_Exercise material:_

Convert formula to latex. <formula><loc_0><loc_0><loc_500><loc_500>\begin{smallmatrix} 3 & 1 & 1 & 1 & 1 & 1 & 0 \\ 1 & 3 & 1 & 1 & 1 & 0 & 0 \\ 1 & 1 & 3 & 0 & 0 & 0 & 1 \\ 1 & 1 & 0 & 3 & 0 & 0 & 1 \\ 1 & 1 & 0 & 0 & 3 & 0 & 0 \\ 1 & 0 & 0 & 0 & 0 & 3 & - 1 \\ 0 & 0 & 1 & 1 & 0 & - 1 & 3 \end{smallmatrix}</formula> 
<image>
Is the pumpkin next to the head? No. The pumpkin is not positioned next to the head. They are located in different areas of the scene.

* * *

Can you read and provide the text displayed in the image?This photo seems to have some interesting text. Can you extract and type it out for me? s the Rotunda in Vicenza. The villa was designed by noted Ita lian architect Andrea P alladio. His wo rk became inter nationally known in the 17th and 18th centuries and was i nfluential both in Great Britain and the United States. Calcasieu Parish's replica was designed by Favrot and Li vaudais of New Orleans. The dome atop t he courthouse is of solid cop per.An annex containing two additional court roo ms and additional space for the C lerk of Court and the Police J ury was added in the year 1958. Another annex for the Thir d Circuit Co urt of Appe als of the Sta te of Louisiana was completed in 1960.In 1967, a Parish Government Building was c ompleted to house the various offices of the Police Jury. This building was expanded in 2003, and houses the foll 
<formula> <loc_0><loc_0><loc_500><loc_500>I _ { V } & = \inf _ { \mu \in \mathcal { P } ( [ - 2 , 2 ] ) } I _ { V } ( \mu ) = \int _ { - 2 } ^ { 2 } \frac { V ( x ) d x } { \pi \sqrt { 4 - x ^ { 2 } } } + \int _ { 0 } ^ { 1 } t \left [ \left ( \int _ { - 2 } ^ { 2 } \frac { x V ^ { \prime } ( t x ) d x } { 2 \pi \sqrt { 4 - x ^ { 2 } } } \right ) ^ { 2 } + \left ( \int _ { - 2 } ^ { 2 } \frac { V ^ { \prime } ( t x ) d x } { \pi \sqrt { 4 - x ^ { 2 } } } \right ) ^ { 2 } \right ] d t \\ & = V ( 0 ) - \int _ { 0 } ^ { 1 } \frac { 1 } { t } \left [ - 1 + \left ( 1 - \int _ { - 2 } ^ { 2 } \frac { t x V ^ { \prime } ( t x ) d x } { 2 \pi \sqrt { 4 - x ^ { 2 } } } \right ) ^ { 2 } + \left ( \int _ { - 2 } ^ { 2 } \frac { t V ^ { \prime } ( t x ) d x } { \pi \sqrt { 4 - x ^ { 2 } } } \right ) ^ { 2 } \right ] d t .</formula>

_Requirement:_ In the listing above, find the line containing "Convert formula to" and the line containing "Is the pumpkin". Output them and every line between, exactly, and nothing else.

_Response below:_
Convert formula to latex. <formula><loc_0><loc_0><loc_500><loc_500>\begin{smallmatrix} 3 & 1 & 1 & 1 & 1 & 1 & 0 \\ 1 & 3 & 1 & 1 & 1 & 0 & 0 \\ 1 & 1 & 3 & 0 & 0 & 0 & 1 \\ 1 & 1 & 0 & 3 & 0 & 0 & 1 \\ 1 & 1 & 0 & 0 & 3 & 0 & 0 \\ 1 & 0 & 0 & 0 & 0 & 3 & - 1 \\ 0 & 0 & 1 & 1 & 0 & - 1 & 3 \end{smallmatrix}</formula> 
<image>
Is the pumpkin next to the head? No. The pumpkin is not positioned next to the head. They are located in different areas of the scene.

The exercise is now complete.